Is there any such rule for non listed companies?
February 8, 2017 at 2:22 pm #371619The rules state first:
Familiarity and self-interest threats are created by using the same senior personnel
on an audit engagement over a long period of time……… The signifcance of the threats shall be evaluated and safeguards applied when necessary to eliminate the threats or reduce them to an acceptable level.
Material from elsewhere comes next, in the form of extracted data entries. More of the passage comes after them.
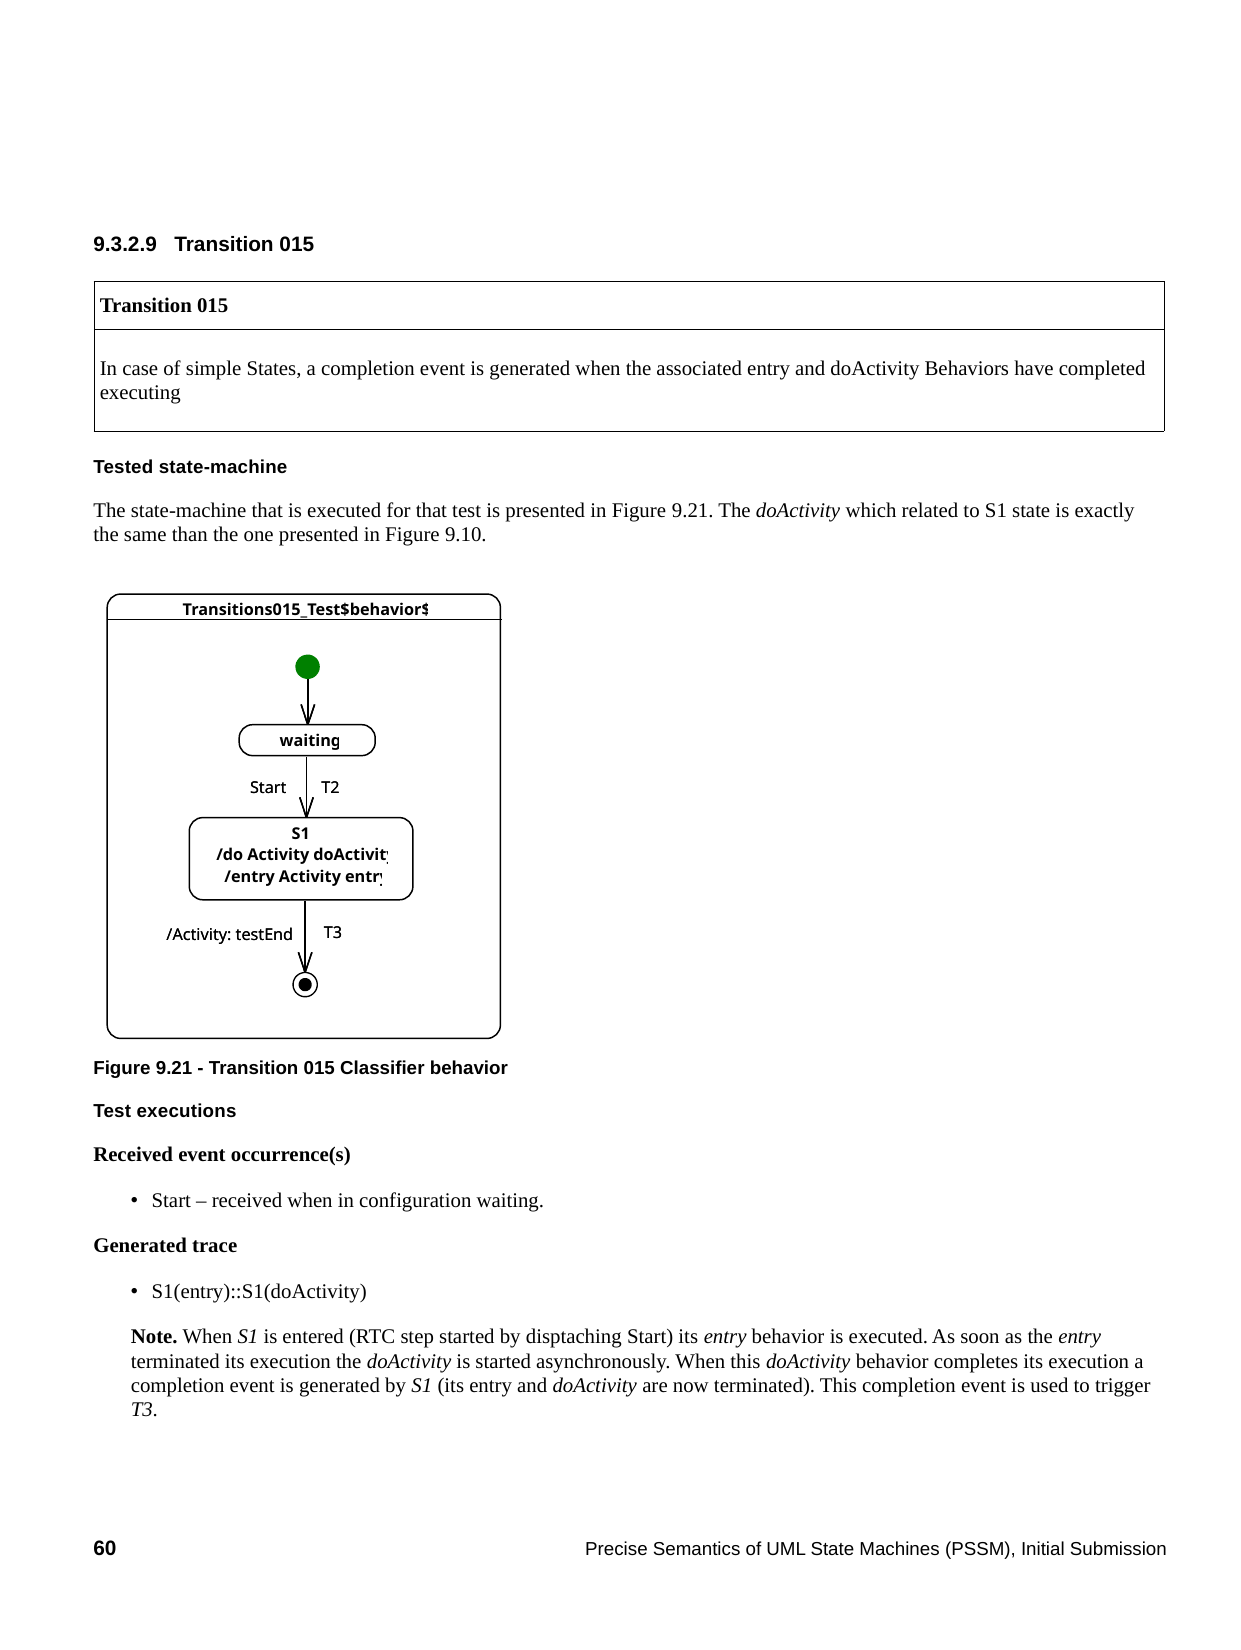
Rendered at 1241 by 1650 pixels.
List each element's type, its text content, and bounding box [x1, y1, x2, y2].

text Note. When S1 is entered (RTC step started by disptaching Start) its entry behavior is executed. As soon as the entry terminated its execution the doActivity is started asynchronously. When this doActivity behavior completes its execution a completion event is generated by S1 (its entry and doActivity are now terminated). This completion event is used to trigger T3. [131, 1324, 1164, 1421]
text Generated trace [93, 1233, 1164, 1257]
table_header Transition 015 [95, 282, 1164, 329]
subtitle Tested state-machine [93, 456, 1164, 477]
subtitle Test executions [93, 567, 1164, 1121]
list Start – received when in configuration waiting. [131, 1187, 1164, 1212]
list S1(entry)::S1(doActivity) [131, 1278, 1164, 1303]
table_cell In case of simple States, a completion event is generated when the associated entry and doActivity Behaviors have completed executing [95, 330, 1164, 431]
text Figure 9.21 - Transition 015 Classifier behavior [93, 580, 516, 1079]
text Received event occurrence(s) [93, 1142, 1164, 1166]
subtitle Transition 015 [93, 231, 1164, 256]
text The state-machine that is executed for that test is presented in Figure 9.21. The doActivity which related to S1 state is exactly the same than the one presented in Figure 9.10. [93, 498, 1164, 546]

Examples of such safeguards include:• Rotating the senior personnel off the audit team.
The rules then go on to state:
In respect of an audit of a public interest entity, an individual shall not be a key
audit partner for more than seven years. After such time, the individual shall not
be a member of the engagement team or be a key audit partner for the client for
two years. During that period, the individual shall not participate in the audit of the
entity, provide quality control for the engagement, consult with the engagement
team or the client regarding technical or industry specifc issues, transactions or
events or otherwise directly in?uence the outcome of the engagement.[ie no specific time limit for non-public interest clients].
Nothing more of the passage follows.